The alpine grassland had the largest growth rate of all types of grassland. The NRs vegetation C in the alpine grassland in 2000 was very small (0.28Tg), so it has a very large growth rate after increasing to 22.36 Tg in 2015. Besides, the fractional vegetation coverage of NNRs in the Qinghai-Tibet Plateau increased by 0.6%, from 31.5% to 32.1%, and the NPP in NNRs also showed an increasing trend in 15 years. At the same time, human disturbance dramatically decreased from 6.46% to 5.32% in NNRs of the Qinghai-Tibet Plateau due to limiting human activities in NNRs, especially in the NNRs of Qiangtang, Altun Mountains, Selin Co, and Haizi Mountain (Zhu et al. 2018). In addition, biomass in grasslands of the Qinghai-Tibet Plateau has displayed an overall increasing trend, which was profoundly influenced by climate change(WANG et al. 2018). The temperature directly influenced the starting date of the vegetation growing season, and it may expand the length of the plant growing season, which is closely related to biomass and C storage (Zhu et al. 2018).
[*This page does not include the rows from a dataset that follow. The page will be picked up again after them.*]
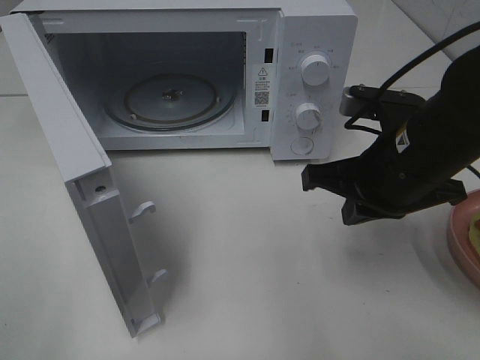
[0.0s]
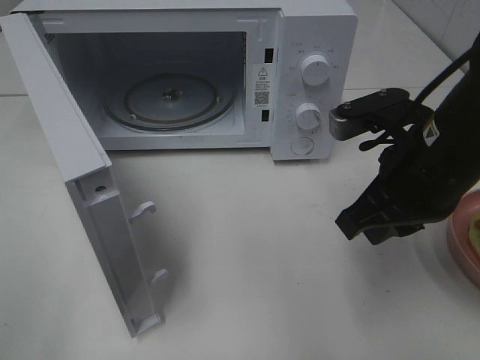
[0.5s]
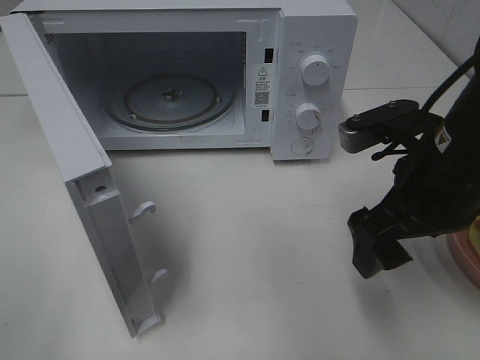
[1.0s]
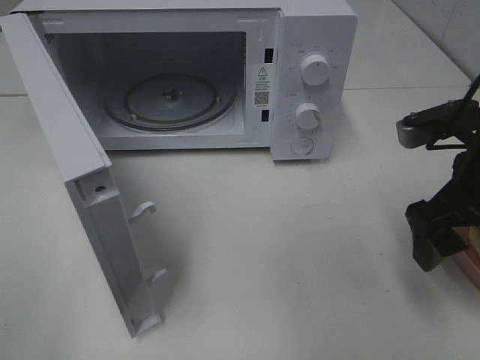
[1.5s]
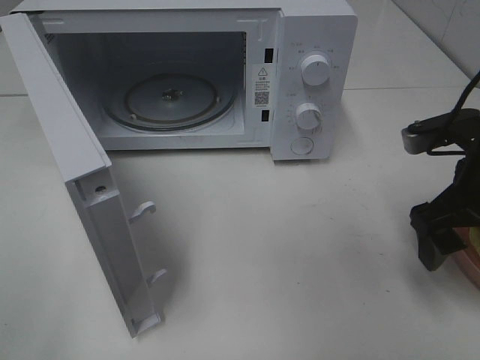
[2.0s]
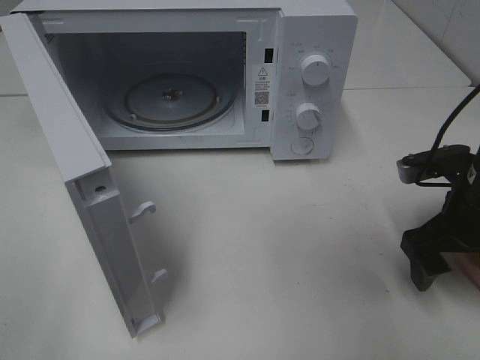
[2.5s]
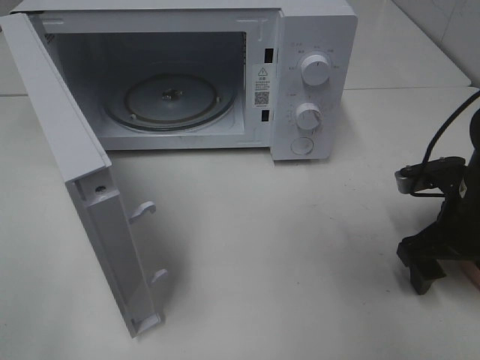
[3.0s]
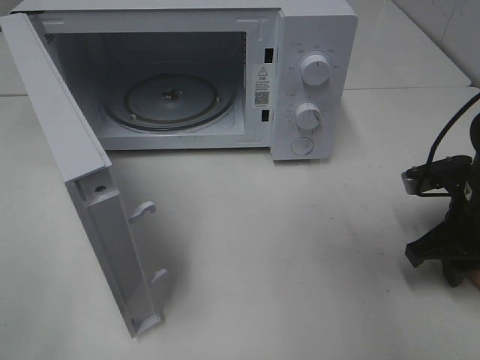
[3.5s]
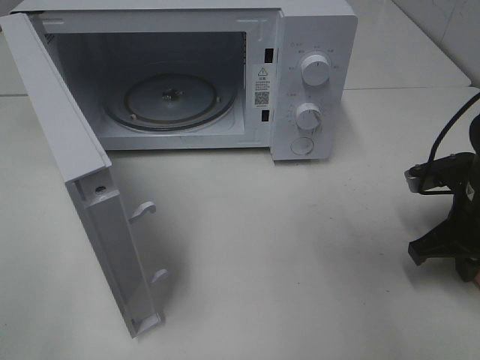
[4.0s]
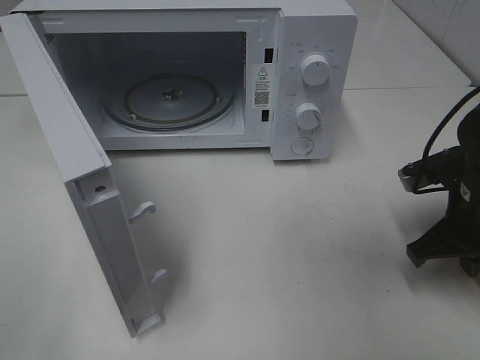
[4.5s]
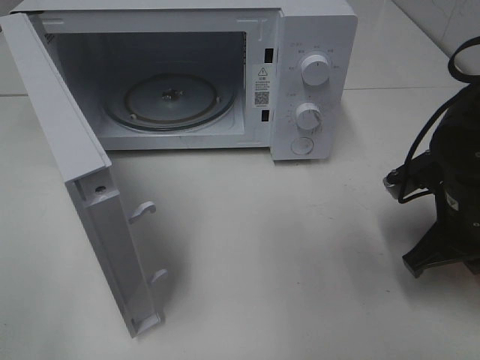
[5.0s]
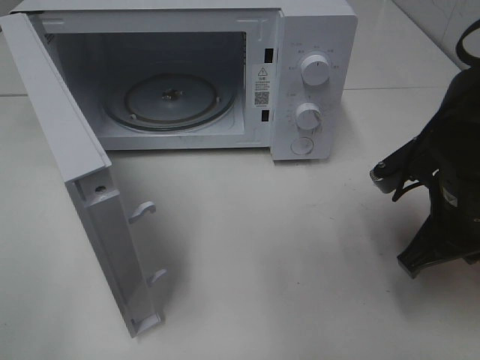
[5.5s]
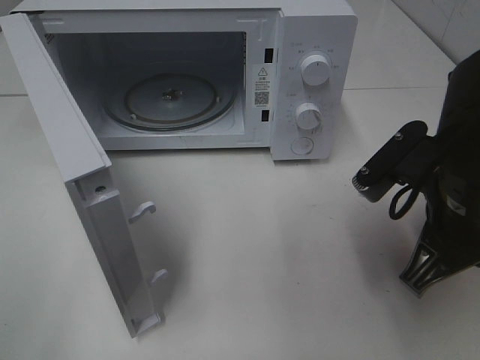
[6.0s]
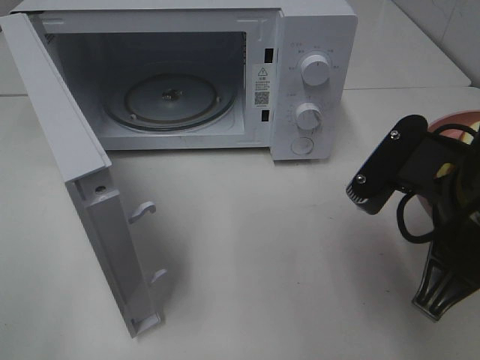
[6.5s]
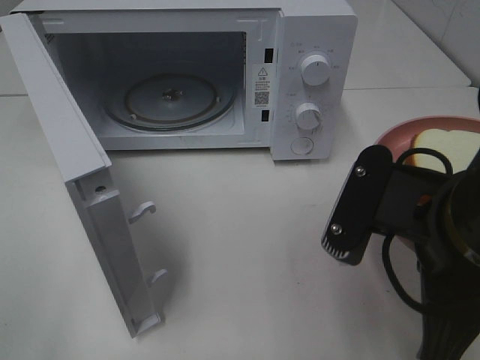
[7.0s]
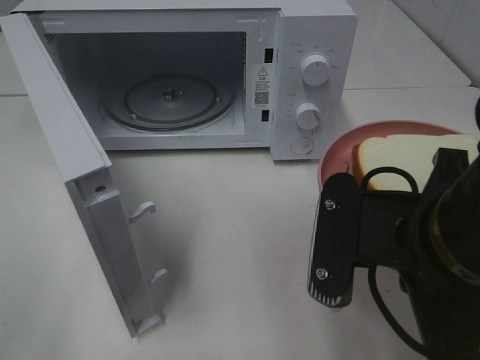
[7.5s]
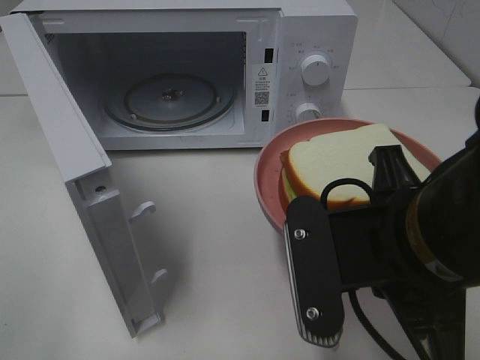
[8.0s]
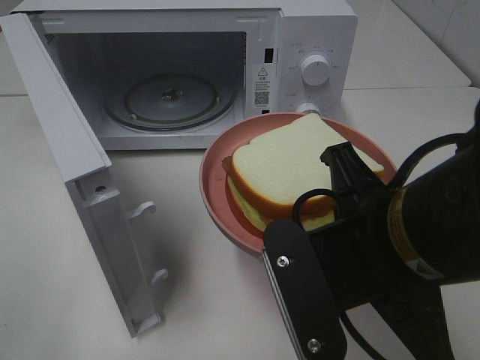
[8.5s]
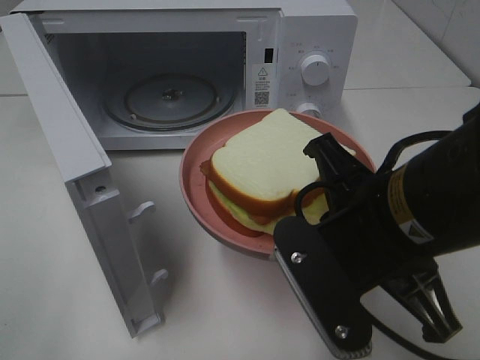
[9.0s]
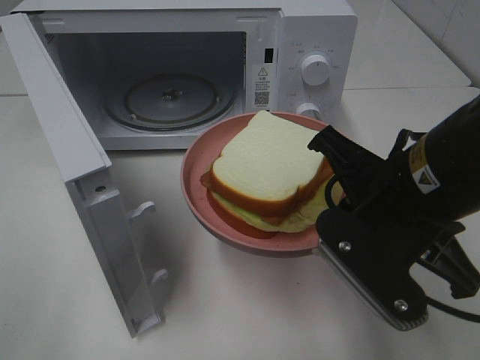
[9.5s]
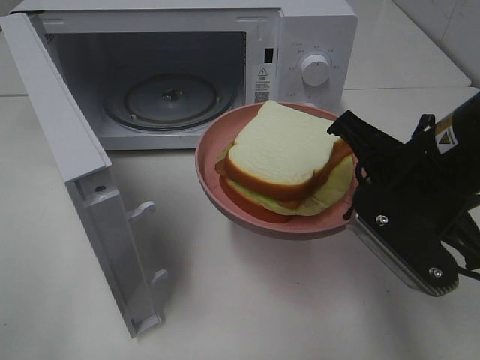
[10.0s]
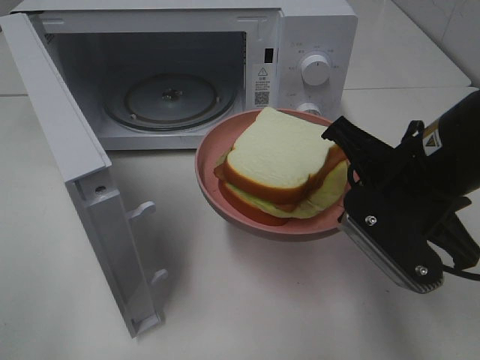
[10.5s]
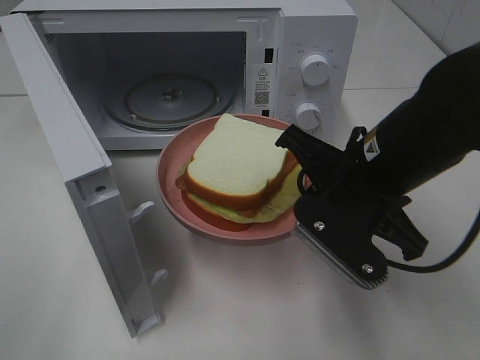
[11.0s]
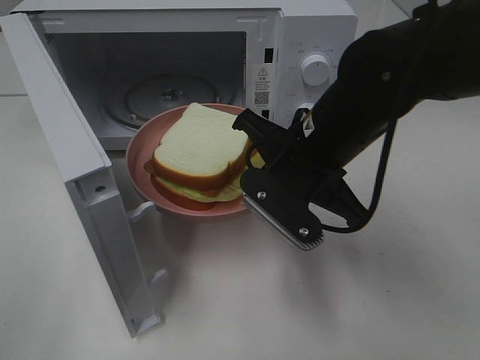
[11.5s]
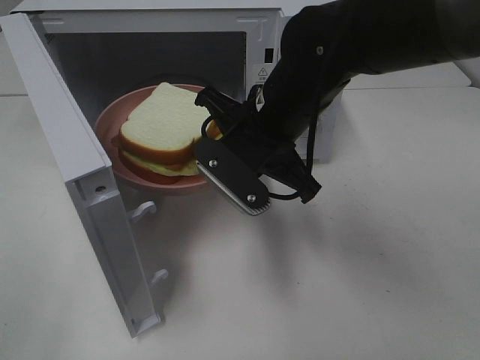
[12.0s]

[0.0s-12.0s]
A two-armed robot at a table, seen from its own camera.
Task of the whole recording: Heat Sandwich.
Step, 0.0s to 4.0s: Right hand: grab the plate with the sandwich.
0.0s to 2.0s: The right gripper moves to the right, about 10 cm, and opens up.
2.0s to 4.0s: The right gripper shifts approximately 5 cm downward, and closes up.
4.0s to 6.0s: The right gripper heads to the left, upward and backward, covering roughly 15 cm.
6.0s to 8.0s: The right gripper goes about 10 cm backward and to the left.
8.0s to 10.0s: The right gripper goes about 10 cm forward.
10.0s to 12.0s: The right gripper travels to the left and forward by some 15 cm.

The C stocks of tropical shrub-grassland in NRs showed a slight decrease, which was mainly distributed in the southeast of China. Most of the NRs in this area were mainly pay attention to the wetlands and forest ecosystems, and little attention was paid to the protection of tropical shrub-grassland. The strong interference of human activities, such as urbanization, leaded to the fragmentation of irrigation areas, which affected the integrity of the ecosystem (Liu et al. 2017b). However, the protection ratio of NRs to grassland in the country was increasing, indicating that the protection of grassland ecosystems in NRs was gradually improving. Since grassland is the largest terrestrial ecosystem globally and in China, it has a large amount of ecological and economic value. The grassland restoration improved biodiversity by 32.44% and ecosystem services by 30.43%(Ren et al. 2016), so it is very important for China to improve protecting and managing grassland ecosystem in NRs.
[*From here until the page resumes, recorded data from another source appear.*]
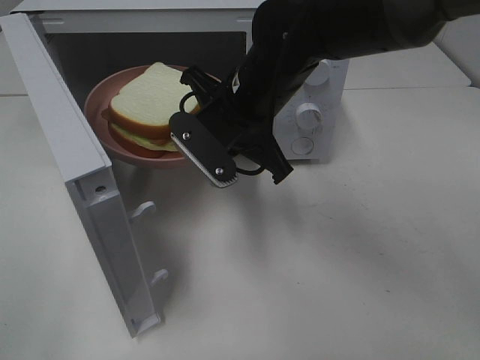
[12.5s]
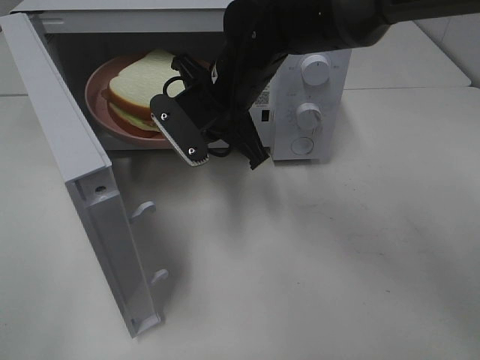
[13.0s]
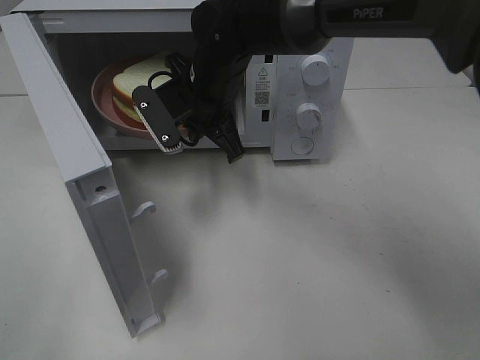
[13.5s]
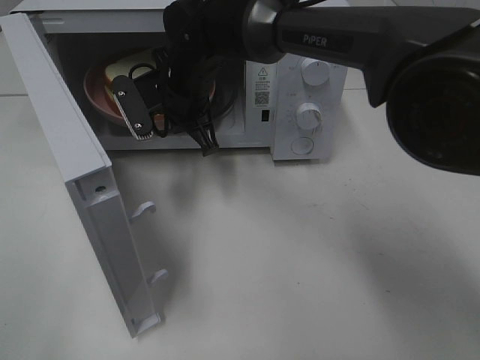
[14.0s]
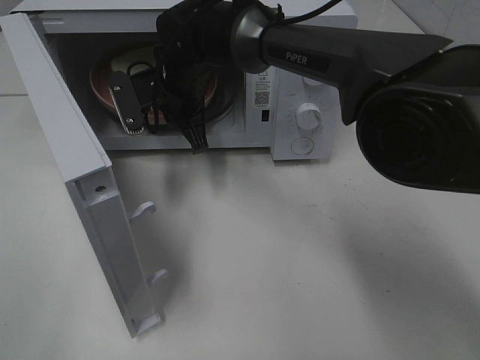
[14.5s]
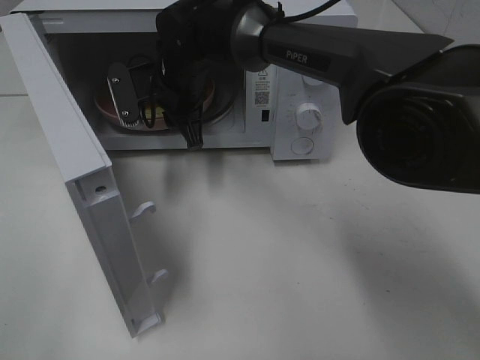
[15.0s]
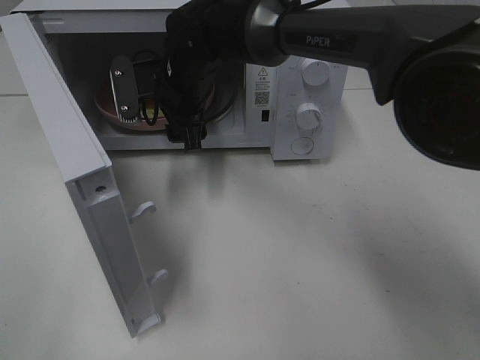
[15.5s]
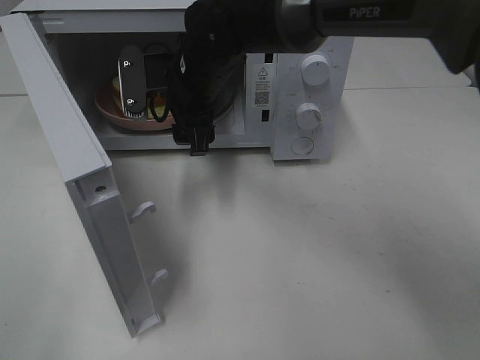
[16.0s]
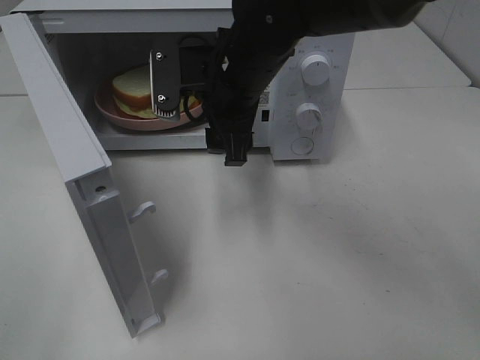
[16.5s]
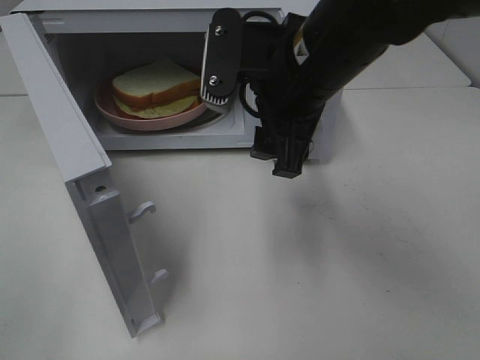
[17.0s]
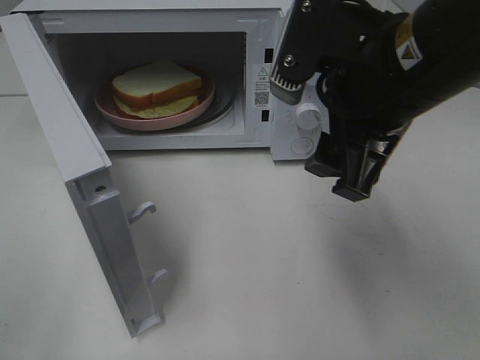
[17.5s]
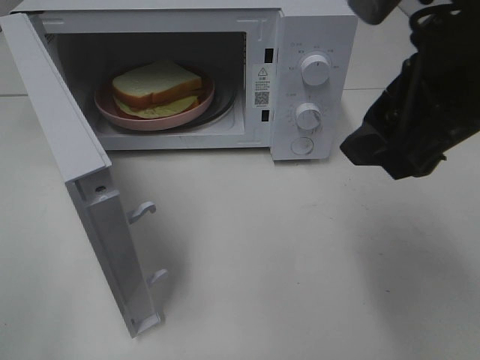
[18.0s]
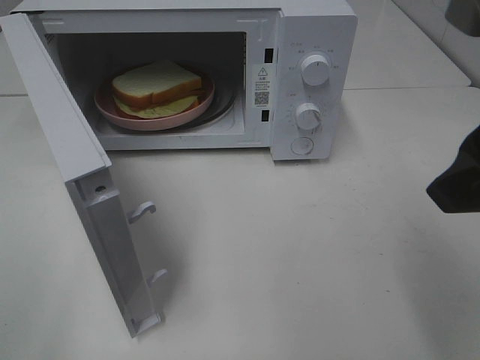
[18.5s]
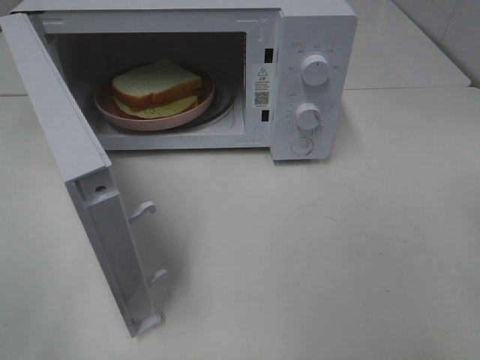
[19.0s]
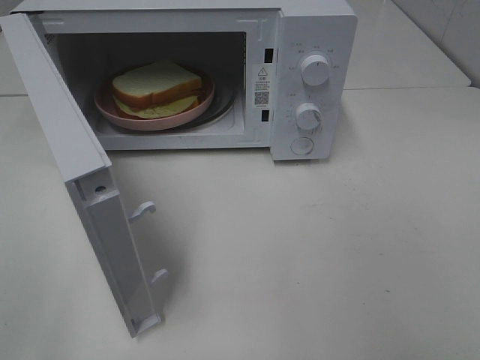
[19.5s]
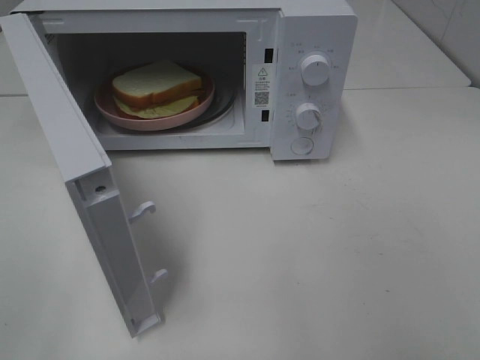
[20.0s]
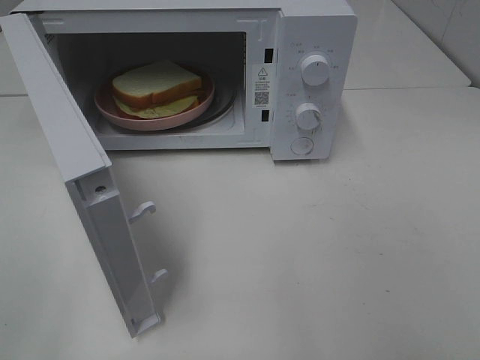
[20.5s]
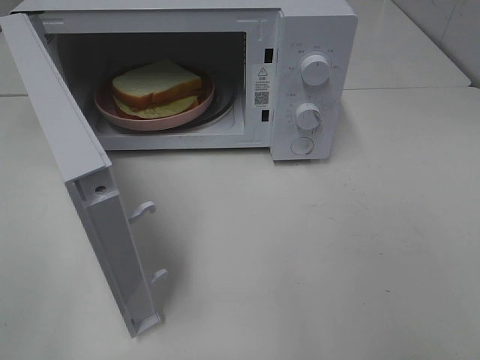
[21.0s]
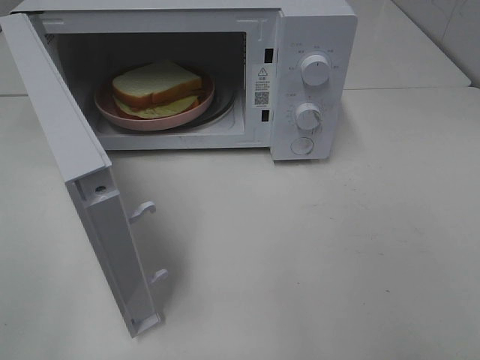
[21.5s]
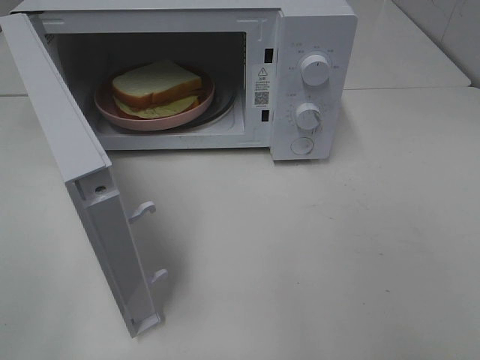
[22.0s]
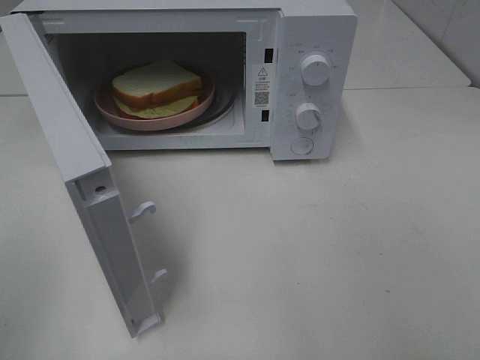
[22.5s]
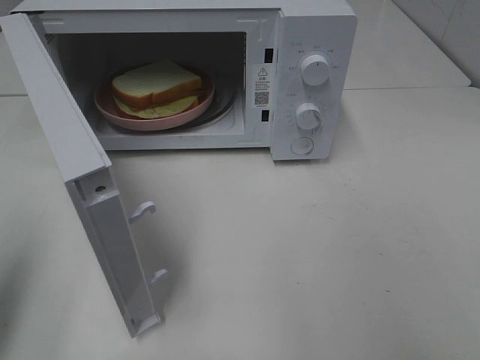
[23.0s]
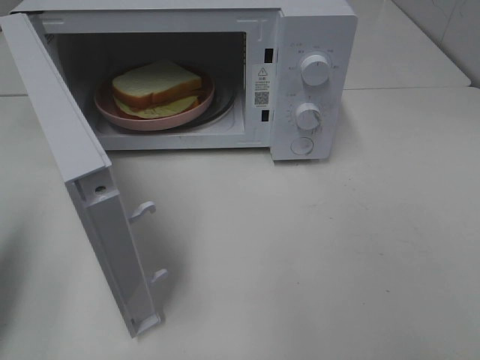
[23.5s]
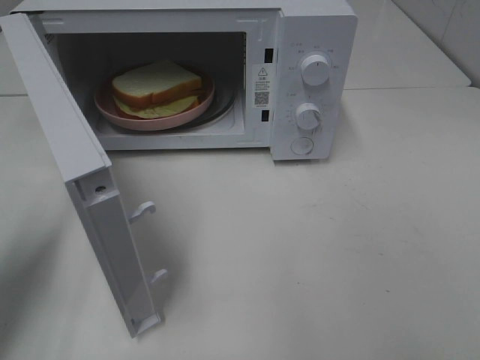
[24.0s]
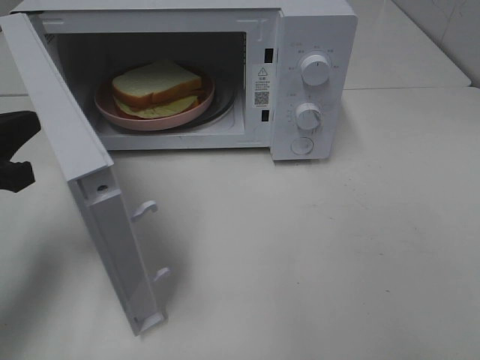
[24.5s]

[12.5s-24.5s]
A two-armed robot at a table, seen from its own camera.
Task of the whole recording: Heat Sandwich.
Step, 12.5s to 16.0s: Right hand: place the plate in the microwave.
12.5s to 14.5s: The right gripper goes about 15 cm forward and to the left.
14.5s to 16.5s: The right gripper goes about 15 cm backward, to the right and upward, and opens its fingers.
16.5s to 18.5s: The right gripper heads backward, to the right and upward, covering approximately 30 cm.
18.5s to 20.5s: The right gripper travels backward and to the right by approximately 20 cm.
22.5s to 24.5s: The left gripper is displaced forward and downward by about 20 cm, and closes its fingers.

4.2. The Growth Rate Distribution of NRs C Storage

90% of NRs generally showed positive growth. The NRs with high growth rate of C storage were distributed in the northwest and northeast of China. Moreover, the change rate of forest and grassland C stocks in NRs was similar to the overall. From 2000 to 2015, the northeast region of China not only increased the number and area of NRs, but also strengthened the improvement and protection of NRs. At the same time, climate change also has a certain impact on vegetation biomass and C storage in NRs. Overall the frequency of drought was decreasing in Northeast China in the study period(Cong et al. 2017, Zhou et al. 2017), which means the precipitation was improving in these years. That condition was very helpful for plants growing(Yang et al. 2009). Especially for grassland, the precipitation had significantly positive correlation with NDVI because the precipitation could provided the required moisture for vegetation growth(Mao et al. 2012). Northwest China belongs to arid and semi-arid areas, and the NRs with higher C storage growth rate was mainly concentrated in the Loess Plateau regions, where the C sequestration markedly increased in the tableland of Loess Plateau during this 15 years. The mixed broadleaf-conifer forest ranked first, and the bare land and sparse vegetation also presented a few C storage (Zhang et al. 2019). The construction of ThreeNorth Shelter Forest Program (TNSFP) and the “Grain for Green” also have made a big contribution for forest protection(Sun et al. 2016b, Zhang et al. 2019). The increase of the forest C storage in 15 years can confirm that the NRs and afforestation policy have a certain positive effect on the protection of the ecosystem in the Loess Plateau.
The growth rate of C stocks in eastern and southeast NRs was low, and some NRs showed a negative growth trend. We foungd that the management system of NRs was still imperfect, which was one of the important reasons for impeding the improvement of the efficiency of NRs in the east and southeast part of China (Xu et al. 2007). First, the impact of population growth and human activity disturbances on nature reserves, including decrease in the per capita ecological carrying capacity, and dramatic increase in ecological footprints(Liu et al. 2016). Second, the area of nature reserves limits the scope of protection, medium and small nature reserves compose 92.32% of all nature reserves. And the areas contained in nature reserves in each province are not proportional to the areas of the provinces, particularly for national NRs, with higher protection rates in Southwest and Northwest China than in other regions(Guo et al. 2015). Third, the conflict between economic and natural resource protection has seriously affected the construction of nature reserves. The eastern and southeastern parts are important areas for China’s economic development, and the economic factors have a greater impact on the construction of nature reserves than ecological factors in these regions(Wu et al. 2018). Besides, The fragmentation of the nature reserves, the conflicts of responsibilities between governments at all levels and the overlapping management of different types of protected areas also impacted the development of NRs in southeast of China. It is believed that biodiversity and ecosystem conservation will be further successful after coordinating and balancing the relationships between different protected areas.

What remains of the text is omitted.